Categories
Development Reviews

Mac Mini M1

disclaimer: I started writing this in Nov 2021 but I totally forgot about it until now, but it’s such a waste to throw it away so I’m still publishing it and adding my experiences with it so far.

I bought a Mac Mini M1 on 26 October 2021; with this new addition, I’ve been fully assimilated into the Apple Ecosystem.

  • iPhone 11
  • Apple Watch SE
  • iPad Pro 2018
  • Air Pods Pro
  • Macbook Pro 2020 (work)

I’ve achieved the level of integration where one phone call causes all my devices to ring and sing for my attention.

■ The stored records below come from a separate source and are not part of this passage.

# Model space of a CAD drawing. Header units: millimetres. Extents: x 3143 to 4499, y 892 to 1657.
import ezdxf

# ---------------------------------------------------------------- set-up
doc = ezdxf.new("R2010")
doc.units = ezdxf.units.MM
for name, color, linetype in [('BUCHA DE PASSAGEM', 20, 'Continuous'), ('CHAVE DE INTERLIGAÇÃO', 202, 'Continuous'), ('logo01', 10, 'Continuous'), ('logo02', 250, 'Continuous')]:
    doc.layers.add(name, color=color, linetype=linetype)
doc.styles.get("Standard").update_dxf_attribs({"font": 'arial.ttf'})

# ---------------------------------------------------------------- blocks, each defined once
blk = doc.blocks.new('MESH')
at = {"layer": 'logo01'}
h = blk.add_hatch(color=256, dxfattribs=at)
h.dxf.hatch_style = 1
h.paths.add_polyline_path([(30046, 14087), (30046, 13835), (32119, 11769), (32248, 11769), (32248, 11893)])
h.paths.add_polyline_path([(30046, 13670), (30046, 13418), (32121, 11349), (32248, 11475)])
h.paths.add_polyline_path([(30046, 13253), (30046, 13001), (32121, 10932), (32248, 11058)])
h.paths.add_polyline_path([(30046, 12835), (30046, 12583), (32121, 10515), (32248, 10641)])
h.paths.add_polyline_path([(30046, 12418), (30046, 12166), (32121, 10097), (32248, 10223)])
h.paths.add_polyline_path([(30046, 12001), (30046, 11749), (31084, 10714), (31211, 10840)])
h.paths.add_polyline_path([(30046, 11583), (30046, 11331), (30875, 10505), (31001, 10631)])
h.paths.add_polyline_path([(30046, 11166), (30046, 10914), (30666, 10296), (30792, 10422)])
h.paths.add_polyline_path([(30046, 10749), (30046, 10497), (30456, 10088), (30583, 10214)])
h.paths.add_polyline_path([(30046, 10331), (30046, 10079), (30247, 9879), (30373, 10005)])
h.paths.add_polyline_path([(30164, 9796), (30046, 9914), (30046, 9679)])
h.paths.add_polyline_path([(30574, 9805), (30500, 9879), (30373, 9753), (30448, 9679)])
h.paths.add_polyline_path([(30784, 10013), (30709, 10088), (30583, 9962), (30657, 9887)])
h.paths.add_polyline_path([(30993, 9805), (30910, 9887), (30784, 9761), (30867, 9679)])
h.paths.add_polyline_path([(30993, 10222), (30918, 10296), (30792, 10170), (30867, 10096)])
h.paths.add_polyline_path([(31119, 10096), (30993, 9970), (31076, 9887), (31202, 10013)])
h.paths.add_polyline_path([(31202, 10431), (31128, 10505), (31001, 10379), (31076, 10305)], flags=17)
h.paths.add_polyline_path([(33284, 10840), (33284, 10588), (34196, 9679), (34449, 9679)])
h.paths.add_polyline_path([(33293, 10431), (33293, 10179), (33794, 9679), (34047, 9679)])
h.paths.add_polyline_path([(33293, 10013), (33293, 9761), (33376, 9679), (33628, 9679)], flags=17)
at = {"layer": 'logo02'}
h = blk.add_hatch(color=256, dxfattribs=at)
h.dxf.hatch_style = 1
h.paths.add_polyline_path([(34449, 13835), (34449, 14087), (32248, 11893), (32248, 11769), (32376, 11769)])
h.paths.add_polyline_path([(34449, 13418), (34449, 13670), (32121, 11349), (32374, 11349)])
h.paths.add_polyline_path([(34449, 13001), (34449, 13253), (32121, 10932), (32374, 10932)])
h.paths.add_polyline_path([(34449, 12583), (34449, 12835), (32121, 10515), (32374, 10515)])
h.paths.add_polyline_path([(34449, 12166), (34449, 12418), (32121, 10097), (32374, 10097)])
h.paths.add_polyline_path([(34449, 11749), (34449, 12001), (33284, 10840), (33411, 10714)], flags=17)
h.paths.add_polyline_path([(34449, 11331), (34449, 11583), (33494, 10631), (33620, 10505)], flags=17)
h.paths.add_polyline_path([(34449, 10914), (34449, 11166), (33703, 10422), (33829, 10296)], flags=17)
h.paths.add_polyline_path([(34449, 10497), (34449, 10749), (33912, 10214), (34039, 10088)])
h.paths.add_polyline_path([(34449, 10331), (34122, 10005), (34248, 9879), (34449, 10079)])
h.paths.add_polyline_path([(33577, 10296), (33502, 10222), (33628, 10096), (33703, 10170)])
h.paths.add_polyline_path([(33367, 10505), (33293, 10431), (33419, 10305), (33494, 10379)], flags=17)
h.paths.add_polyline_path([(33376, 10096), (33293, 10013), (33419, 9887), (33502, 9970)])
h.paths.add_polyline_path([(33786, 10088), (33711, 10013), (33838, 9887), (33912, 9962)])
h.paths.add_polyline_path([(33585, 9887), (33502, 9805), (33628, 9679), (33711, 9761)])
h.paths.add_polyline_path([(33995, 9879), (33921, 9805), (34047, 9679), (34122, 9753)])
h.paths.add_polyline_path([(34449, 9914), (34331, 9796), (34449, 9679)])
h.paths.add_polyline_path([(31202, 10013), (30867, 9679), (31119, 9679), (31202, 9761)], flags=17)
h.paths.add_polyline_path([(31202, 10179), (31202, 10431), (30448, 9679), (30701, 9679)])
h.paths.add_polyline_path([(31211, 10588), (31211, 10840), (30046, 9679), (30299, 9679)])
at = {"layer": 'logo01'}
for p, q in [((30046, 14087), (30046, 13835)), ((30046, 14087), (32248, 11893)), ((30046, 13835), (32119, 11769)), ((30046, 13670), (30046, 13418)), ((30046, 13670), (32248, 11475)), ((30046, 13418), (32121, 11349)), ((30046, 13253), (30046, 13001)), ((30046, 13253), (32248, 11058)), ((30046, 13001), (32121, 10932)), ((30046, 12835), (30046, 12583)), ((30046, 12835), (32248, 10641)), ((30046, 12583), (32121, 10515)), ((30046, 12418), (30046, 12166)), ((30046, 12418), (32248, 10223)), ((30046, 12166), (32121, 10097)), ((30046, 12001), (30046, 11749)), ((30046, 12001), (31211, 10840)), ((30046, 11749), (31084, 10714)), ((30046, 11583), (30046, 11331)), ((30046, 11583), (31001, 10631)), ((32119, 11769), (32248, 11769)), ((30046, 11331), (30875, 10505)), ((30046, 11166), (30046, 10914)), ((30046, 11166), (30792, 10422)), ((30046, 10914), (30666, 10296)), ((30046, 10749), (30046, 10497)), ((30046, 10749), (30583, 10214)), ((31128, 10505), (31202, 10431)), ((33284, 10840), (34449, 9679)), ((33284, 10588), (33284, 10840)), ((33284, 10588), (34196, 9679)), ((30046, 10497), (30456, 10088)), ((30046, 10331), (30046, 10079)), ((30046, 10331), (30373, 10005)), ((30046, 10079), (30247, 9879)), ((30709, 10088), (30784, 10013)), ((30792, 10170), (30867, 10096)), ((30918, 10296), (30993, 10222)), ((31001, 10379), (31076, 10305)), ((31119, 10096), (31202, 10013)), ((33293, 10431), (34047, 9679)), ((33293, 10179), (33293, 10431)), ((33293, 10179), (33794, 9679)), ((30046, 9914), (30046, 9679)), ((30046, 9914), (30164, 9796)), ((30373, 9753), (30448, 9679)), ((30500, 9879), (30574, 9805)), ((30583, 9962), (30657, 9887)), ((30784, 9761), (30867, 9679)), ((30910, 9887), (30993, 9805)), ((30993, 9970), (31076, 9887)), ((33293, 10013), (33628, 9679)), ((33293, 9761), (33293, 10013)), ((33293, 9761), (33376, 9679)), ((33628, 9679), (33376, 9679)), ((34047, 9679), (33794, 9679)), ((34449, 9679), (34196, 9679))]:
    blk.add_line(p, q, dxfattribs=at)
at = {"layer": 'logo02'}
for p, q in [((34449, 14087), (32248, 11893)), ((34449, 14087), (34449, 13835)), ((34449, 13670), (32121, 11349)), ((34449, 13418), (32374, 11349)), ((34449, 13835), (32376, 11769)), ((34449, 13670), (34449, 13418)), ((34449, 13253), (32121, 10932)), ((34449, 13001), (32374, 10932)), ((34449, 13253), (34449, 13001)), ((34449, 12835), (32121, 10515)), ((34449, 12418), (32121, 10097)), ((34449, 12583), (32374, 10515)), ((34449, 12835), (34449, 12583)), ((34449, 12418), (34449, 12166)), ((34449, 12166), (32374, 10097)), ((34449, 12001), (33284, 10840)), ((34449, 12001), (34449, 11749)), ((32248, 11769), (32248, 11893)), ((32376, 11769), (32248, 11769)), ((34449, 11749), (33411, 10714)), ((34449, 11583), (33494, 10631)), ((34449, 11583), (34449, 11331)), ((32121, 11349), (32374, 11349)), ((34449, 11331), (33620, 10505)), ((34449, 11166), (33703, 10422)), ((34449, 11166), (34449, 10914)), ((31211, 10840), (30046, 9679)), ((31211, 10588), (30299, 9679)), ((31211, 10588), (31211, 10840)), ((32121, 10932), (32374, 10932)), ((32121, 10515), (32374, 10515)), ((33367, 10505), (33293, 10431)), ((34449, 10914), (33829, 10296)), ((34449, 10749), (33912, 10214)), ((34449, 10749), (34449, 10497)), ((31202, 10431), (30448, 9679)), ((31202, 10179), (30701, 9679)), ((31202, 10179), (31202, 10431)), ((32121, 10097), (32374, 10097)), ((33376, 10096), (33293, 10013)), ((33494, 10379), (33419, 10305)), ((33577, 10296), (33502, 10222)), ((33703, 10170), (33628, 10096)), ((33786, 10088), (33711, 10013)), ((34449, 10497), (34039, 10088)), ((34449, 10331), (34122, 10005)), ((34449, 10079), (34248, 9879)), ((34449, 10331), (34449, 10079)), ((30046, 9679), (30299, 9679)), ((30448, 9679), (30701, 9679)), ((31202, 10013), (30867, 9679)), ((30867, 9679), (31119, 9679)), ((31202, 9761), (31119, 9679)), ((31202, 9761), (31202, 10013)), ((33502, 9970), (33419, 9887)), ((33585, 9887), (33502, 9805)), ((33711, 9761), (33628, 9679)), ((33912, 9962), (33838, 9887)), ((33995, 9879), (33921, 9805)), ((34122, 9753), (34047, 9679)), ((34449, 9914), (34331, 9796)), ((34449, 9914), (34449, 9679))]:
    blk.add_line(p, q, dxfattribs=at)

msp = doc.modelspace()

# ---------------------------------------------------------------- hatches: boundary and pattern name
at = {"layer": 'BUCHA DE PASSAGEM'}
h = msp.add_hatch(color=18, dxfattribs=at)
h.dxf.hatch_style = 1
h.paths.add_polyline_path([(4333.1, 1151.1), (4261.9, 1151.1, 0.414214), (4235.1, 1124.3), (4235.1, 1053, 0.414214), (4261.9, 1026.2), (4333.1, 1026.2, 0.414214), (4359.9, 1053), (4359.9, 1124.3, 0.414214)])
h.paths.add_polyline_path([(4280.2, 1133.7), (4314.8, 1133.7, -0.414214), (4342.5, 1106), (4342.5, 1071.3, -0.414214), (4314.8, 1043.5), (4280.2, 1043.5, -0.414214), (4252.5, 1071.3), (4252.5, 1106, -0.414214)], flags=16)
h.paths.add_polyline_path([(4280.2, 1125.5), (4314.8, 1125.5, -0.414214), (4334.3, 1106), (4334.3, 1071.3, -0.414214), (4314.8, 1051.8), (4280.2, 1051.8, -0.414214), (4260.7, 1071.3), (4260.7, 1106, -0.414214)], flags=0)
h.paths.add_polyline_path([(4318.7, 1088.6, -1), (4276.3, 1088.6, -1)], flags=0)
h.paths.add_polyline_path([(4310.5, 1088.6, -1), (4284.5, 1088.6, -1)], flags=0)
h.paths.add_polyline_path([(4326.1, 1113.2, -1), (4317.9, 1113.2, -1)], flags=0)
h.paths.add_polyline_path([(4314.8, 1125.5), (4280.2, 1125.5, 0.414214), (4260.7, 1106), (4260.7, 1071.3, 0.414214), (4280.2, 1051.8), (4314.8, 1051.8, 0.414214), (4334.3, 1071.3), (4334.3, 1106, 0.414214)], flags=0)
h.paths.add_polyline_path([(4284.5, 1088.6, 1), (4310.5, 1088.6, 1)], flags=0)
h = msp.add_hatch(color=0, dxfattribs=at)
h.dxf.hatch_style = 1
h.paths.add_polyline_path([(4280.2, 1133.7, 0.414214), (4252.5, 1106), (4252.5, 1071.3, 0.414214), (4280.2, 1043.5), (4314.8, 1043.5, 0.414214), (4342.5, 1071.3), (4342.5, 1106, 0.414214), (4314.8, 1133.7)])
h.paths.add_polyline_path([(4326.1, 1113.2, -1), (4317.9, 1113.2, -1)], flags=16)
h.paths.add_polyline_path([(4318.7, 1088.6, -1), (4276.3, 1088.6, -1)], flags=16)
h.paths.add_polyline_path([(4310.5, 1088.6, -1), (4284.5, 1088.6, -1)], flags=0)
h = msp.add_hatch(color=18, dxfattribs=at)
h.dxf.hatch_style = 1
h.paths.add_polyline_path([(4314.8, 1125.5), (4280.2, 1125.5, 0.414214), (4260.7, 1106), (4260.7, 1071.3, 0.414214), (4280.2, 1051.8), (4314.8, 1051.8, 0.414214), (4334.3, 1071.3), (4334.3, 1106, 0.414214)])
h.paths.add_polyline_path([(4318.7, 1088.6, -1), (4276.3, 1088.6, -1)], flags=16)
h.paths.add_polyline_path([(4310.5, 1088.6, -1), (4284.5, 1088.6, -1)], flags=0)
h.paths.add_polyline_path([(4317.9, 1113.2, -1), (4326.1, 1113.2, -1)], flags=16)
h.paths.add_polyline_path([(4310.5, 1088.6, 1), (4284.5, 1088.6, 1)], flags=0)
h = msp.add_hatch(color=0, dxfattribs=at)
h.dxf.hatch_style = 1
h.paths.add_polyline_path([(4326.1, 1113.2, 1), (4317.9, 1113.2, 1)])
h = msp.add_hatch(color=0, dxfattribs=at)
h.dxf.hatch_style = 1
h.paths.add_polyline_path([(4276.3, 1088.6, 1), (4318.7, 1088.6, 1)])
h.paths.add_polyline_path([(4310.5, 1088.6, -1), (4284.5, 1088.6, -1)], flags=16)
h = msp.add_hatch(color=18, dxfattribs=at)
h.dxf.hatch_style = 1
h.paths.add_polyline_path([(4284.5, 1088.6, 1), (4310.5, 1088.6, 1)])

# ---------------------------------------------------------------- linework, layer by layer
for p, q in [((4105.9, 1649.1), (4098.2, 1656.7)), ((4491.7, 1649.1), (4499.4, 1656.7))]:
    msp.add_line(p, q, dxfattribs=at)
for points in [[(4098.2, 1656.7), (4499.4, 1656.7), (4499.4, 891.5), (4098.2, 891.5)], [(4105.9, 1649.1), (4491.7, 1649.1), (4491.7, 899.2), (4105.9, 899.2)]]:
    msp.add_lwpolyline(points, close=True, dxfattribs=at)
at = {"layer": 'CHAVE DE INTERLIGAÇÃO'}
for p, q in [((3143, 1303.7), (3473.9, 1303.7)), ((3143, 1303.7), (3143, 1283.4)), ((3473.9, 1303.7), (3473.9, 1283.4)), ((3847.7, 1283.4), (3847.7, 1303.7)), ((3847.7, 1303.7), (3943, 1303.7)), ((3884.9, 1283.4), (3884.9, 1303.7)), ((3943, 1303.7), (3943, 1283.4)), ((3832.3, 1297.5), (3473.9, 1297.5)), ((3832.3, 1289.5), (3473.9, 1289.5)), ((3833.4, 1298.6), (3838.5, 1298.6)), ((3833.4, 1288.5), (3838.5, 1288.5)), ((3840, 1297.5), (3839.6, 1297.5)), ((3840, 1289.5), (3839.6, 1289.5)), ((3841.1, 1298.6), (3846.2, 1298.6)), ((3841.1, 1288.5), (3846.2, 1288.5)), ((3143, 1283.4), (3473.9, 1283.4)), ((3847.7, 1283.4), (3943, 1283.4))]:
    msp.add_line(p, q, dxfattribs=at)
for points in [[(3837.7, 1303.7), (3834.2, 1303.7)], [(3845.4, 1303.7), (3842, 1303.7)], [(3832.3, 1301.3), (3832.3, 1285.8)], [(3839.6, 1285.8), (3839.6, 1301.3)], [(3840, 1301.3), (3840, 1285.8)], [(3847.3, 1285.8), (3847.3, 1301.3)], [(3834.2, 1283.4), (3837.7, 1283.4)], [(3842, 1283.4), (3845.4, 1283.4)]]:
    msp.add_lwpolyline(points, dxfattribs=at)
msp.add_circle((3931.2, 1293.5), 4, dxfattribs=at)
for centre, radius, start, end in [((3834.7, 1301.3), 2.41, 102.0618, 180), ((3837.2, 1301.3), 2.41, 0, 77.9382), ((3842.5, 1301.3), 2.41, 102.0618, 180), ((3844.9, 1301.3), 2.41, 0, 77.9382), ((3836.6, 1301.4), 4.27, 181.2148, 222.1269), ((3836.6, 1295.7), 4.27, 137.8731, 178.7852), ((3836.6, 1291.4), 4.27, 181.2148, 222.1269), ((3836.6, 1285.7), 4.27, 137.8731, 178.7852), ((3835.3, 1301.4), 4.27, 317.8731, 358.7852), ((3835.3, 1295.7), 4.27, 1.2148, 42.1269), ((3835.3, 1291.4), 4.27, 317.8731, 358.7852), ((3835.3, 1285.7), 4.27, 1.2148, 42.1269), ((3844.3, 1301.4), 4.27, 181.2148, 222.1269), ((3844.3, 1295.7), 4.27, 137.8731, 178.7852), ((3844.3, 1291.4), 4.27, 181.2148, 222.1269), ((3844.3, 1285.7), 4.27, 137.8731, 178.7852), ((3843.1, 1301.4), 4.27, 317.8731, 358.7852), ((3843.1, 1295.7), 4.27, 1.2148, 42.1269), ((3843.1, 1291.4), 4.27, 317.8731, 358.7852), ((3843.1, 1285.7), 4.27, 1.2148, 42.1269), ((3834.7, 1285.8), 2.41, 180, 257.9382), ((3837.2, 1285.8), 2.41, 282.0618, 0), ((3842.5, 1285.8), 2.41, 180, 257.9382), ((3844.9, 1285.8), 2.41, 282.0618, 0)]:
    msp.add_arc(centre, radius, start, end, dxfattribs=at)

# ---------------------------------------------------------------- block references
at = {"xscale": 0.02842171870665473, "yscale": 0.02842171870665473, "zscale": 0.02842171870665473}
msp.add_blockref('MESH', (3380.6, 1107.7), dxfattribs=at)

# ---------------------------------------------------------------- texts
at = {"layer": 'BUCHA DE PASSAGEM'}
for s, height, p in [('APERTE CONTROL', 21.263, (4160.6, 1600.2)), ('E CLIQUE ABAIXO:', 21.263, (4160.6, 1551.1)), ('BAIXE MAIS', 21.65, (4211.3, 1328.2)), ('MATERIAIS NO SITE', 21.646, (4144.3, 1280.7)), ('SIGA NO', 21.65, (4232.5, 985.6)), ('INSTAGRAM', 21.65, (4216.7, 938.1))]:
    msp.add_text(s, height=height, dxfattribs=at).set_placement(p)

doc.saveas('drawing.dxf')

If anyone knew me before, they would’ve known that I’m really not that much of an Apple fan. Each Apple devices that I own are the first Apple I’ve bought in their category. At this point you might be asking why did I go for an Apple desktop, and at this point, “why not?

Okay I do have legit reasons for buying it other than this whimsical “why not” argument.

  • I want to edit videos, and I really like Final Cut Pro
  • I want to do more development and I’m more comfortable coding on MacOS
    • or any *nix environment but.. I’m sure you can agree that macos is way more polished than any linux distribution
  • I don’t really game much on my windows desktop these days
  • my table is small, a small computer makes sense
  • the M1 chip is really efficient and I like to save electricity if possible

Predicting the questions a reader might have

Why didn’t I wait for the M2 chip?
I waited almost a year hoping the the Mac Mini will get refreshed but it didn’t. Rumours is that it’ll come out mid of 2022 and, there’s no point waiting so long for performance between M1 and M1 Pro.
(edit: it’s Feb 2023 and Apple finally announced M2 option for the Mac Mini, I’m extremely glad I didn’t bother waiting for it.)

Why didn’t I get the new M1 Pro/Max Macbooks?
Have you seen the price on those puppies?! Sorry, starting from $2,999 is too much for a home computer that I don’t plan to do any intense work on it.
(edit: if I have to make the choice again now, I will strongly consider the M2 Macbook Air.)

3 weeks experience

The first thing that stood out to me is how quiet the Mac Mini is, it’s honestly quite hard to tell if it’s on without going 20cm next to it and hear the quiet whoosh of the fans spinning.

The second thing was the performance, it has been extremely snappy in doing day to day operations. What got me extremely excited was when I timed the start up times of my [[ZSH]] shell after installing all my usual plugins and settings. An average start up time of 0.004 seconds.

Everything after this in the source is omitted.